Radiation Detected on Two British Airways Planes*
by Jim Benning | 11.29.06 | 2:26 PM ET
Yikes. From the Guardian Unlimited: “British Airways passengers were being sought tonight after traces of radiation were found on two aircraft as part of the investigation into the death of a Russian former spy. The airline said very low levels of radiation were found as part of the investigation into the death last Thursday of Alexander Litvinenko, whose body had traces of polonium 210, a lethal radioactive substance.” British Airways officials believe “the risk to public health is low.”
* Add: AP reports that officials “drew up plans to contact thousands of airplane passengers”; three planes have been grounded.
To Russia, With Actors
by Michael Yessis | 11.29.06 | 8:48 AM ET
Martha Plimpton, who plays Varenka Bakunin in The Coast of Utopia, prepared for her latest role by traveling with her fellow actors to Russia. Moscow and St. Petersburg, to be precise. “Rather than dive headlong into the icy waters of ‘Voyage,’ ‘Shipwreck’ and ‘Salvage,’ the three plays about revolutionary thinkers from 19th-century Russia which make up Tom Stoppard’s epic ... four of us decided it might be wise—not to mention unspeakably cool—to go to Mother Russia herself.” Plimpton joins the growing list of celebrity travel writers and recounts her week-long experience in New York’s Daily News. “Nothing is ‘easy’ in Russia,” she writes. “You don’t just ‘get a taxi’ at the airport, for example. You don’t just go ‘grocery shopping.’ But it’s through these seemingly irrelevant inconveniences one gets a feel for the place and for the culture shaping our characters.”

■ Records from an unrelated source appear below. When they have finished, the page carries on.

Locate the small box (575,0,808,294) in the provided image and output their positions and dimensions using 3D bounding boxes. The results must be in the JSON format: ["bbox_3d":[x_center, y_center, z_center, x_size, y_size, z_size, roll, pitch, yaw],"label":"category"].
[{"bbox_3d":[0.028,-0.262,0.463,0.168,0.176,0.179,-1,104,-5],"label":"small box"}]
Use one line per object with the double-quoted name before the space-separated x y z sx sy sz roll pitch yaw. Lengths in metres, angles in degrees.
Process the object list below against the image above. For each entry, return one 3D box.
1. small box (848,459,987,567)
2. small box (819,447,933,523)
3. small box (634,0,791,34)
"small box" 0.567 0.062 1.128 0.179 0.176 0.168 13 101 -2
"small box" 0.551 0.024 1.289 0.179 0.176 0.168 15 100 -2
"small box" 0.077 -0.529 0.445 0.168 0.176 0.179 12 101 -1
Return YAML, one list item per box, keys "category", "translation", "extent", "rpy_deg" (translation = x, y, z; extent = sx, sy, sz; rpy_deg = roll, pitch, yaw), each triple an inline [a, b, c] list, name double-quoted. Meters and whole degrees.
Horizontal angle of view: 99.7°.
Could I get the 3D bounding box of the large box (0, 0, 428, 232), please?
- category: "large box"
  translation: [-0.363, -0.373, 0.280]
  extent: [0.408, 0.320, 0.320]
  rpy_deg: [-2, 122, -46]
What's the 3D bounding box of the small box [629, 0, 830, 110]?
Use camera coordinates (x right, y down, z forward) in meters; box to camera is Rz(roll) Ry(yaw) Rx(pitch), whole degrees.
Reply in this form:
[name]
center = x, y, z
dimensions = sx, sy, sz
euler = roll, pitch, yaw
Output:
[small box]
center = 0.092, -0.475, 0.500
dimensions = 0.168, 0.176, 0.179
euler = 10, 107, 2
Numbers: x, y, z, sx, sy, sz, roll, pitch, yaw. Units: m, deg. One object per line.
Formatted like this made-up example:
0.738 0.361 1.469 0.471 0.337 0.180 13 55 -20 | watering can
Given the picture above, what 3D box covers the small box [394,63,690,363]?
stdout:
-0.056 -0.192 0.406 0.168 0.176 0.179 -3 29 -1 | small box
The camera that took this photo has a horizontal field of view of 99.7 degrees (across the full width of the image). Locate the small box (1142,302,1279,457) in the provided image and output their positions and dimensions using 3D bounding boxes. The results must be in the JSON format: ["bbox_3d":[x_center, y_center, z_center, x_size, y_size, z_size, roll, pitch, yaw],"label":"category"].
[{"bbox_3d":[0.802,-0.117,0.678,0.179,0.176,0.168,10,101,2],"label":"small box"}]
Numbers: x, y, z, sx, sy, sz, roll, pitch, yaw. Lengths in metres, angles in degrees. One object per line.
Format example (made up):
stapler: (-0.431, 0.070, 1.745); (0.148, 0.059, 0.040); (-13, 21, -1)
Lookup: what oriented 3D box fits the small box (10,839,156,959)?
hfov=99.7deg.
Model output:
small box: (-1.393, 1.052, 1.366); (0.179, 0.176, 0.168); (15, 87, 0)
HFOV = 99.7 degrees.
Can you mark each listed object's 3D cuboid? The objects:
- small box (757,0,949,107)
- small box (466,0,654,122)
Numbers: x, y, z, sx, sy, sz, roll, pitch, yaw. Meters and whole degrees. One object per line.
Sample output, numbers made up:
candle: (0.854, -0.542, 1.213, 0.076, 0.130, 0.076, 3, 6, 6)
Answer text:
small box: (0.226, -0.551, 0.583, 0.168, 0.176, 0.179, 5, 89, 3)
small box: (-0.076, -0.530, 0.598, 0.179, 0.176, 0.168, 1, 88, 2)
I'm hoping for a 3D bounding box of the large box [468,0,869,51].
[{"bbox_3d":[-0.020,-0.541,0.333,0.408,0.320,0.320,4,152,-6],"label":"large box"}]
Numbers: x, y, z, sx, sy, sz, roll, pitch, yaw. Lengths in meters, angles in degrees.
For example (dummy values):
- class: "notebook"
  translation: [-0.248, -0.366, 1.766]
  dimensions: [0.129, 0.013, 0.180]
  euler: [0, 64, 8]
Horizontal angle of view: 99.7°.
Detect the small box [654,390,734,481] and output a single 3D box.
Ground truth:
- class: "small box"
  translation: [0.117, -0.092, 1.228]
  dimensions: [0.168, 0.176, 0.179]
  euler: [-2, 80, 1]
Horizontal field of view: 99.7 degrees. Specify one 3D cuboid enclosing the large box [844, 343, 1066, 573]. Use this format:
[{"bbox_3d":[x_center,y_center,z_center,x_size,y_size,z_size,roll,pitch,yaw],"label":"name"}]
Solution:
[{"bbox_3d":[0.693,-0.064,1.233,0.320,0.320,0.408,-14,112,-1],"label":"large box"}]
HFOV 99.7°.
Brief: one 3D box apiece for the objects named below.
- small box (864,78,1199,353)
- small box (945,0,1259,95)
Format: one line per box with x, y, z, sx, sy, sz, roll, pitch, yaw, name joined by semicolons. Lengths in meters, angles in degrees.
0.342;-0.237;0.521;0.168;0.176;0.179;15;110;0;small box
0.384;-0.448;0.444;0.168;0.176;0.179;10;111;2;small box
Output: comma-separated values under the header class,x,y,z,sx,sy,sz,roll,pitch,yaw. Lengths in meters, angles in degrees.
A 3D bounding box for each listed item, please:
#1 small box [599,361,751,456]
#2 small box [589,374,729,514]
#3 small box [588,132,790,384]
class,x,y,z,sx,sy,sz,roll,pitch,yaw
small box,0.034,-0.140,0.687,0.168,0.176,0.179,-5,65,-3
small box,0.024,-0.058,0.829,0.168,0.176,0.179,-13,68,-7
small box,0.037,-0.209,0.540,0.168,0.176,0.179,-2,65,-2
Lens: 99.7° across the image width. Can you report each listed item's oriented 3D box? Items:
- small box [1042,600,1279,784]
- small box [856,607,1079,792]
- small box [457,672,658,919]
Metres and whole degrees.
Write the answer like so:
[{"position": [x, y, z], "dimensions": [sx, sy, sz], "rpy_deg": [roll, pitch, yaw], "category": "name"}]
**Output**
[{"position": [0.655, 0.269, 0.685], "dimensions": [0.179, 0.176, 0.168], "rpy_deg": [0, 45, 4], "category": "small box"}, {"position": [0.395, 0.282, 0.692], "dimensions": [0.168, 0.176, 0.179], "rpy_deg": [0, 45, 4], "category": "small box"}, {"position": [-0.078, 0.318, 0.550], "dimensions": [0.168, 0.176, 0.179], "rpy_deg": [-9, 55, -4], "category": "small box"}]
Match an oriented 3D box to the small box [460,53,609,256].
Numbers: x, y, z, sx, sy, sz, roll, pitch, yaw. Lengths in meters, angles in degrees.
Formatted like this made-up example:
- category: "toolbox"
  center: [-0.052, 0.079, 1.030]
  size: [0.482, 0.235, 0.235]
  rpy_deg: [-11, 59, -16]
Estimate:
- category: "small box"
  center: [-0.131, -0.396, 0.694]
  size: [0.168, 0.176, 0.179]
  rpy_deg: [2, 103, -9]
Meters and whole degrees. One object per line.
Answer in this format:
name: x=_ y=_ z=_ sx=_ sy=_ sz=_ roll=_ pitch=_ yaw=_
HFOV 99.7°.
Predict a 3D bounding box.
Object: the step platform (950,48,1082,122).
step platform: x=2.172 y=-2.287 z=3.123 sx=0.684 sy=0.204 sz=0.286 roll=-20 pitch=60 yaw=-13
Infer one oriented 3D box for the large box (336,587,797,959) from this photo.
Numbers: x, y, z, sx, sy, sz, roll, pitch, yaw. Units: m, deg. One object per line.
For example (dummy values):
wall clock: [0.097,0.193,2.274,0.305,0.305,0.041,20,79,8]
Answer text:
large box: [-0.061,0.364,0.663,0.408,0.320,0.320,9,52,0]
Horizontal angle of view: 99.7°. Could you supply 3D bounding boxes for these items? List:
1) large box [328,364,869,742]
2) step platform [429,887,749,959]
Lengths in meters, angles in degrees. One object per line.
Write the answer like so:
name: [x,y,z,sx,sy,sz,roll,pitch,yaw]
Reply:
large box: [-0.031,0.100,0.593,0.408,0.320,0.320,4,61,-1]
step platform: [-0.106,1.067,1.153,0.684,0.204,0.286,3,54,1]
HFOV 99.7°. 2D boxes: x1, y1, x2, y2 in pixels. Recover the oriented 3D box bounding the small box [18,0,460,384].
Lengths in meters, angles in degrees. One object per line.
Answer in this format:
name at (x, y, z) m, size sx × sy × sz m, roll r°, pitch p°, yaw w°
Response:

‘It’s Not Easy Being a Comic on the Airport Security Line’
by Michael Yessis | 11.29.06 | 7:46 AM ET
R.I.P. Jesús Blancornelas
by Jim Benning | 11.28.06 | 2:51 PM ET
The Tijuana journalist was fearless, and for all the right reasons. The New York Times and San Diego Union-Tribune remember him.
Searching for ‘Random Weirdness’ on Mexico’s Southern Border Highway
by Jim Benning | 11.28.06 | 1:56 PM ET
We always enjoy Ben Brazil’s stories, and his piece in Sunday’s Washington Post about an ambling trip through the southern Mexican state of Chiapas didn’t disappoint. He and his wife traveled the 262-mile Carretera Fronteriza del Sur, a relatively new two-lane road which runs along the border between Chiapas and Guatemala. They visited the Maya ruins of Palenque, but that was only the beginning. “If you just want to see the highlights, scads of tour operators in Palenque and San Cristobal de las Casas—Chiapas’s main tourist hubs—sell reasonably priced package tours,” he writes. “But we wanted to see the whole highway on an unscripted journey open to chance encounters and random weirdness. As such, we opted to travel on public transportation and eschew reservations, following an itinerary so vague that it verged on impressionist art.”